无疑,教会等组织并不认同这个茹毛饮血的种族,毕竟还有一部分病患没有痊愈,理性尽失而变成了被称作“吸血鬼”的怪物,拥有信仰的教会始终认为“血族”与“吸血鬼”终究是一丘之貉。
顶尖战士往往与恶魔契约,以某种代价获取强大的力量,血族与恶魔契约的代价却极小甚至没有。
当然,除了主动去找寻恶魔结下契约,也有恶魔主动来寻找的例子——
“来吧,把你最重要的东西交给我,最好除了你的目标以外全部都忘记。
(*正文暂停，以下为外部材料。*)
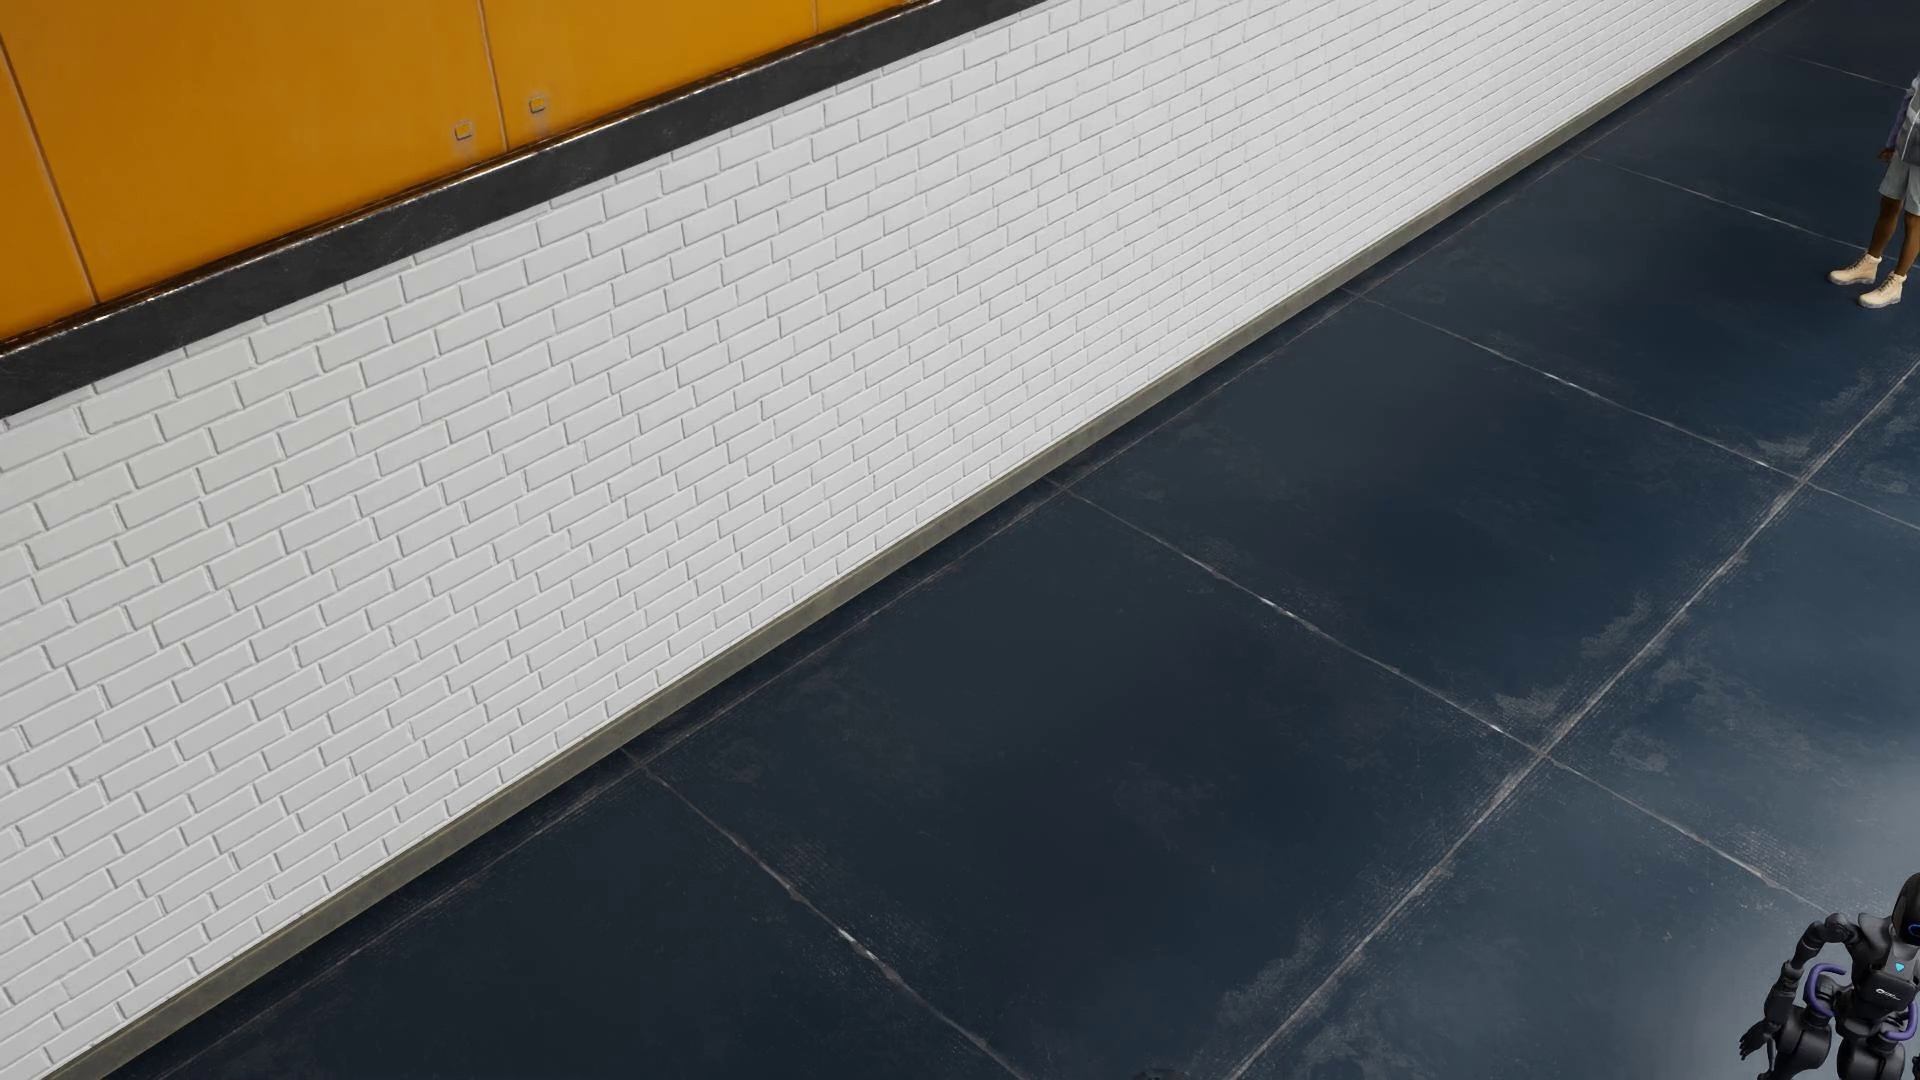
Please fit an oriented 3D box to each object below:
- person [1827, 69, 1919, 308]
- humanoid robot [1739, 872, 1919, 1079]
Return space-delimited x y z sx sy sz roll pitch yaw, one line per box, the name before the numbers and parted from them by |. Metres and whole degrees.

”
那一天,少女记忆中除了化为残渣的过去,只剩下有炎热、炽热、灼热......就像要让身体化掉、毁坏一般,贯穿全身的热量。
聆听甜美的诱惑之音,并等待热量散去后,黑发少女恍恍惚惚地醒来。
连绵不断的尸山血河中,屹立着一把刀。
她走近明显不是正常之物的武器,从地面将其拔起,下意识地据为己有。
不,她在拔出刀的刹那就明白,这是为她所用的力量,能杀掉那个女人的必要之物。
但是,如此一来她必须要舍弃些什么。
要舍弃些什么.....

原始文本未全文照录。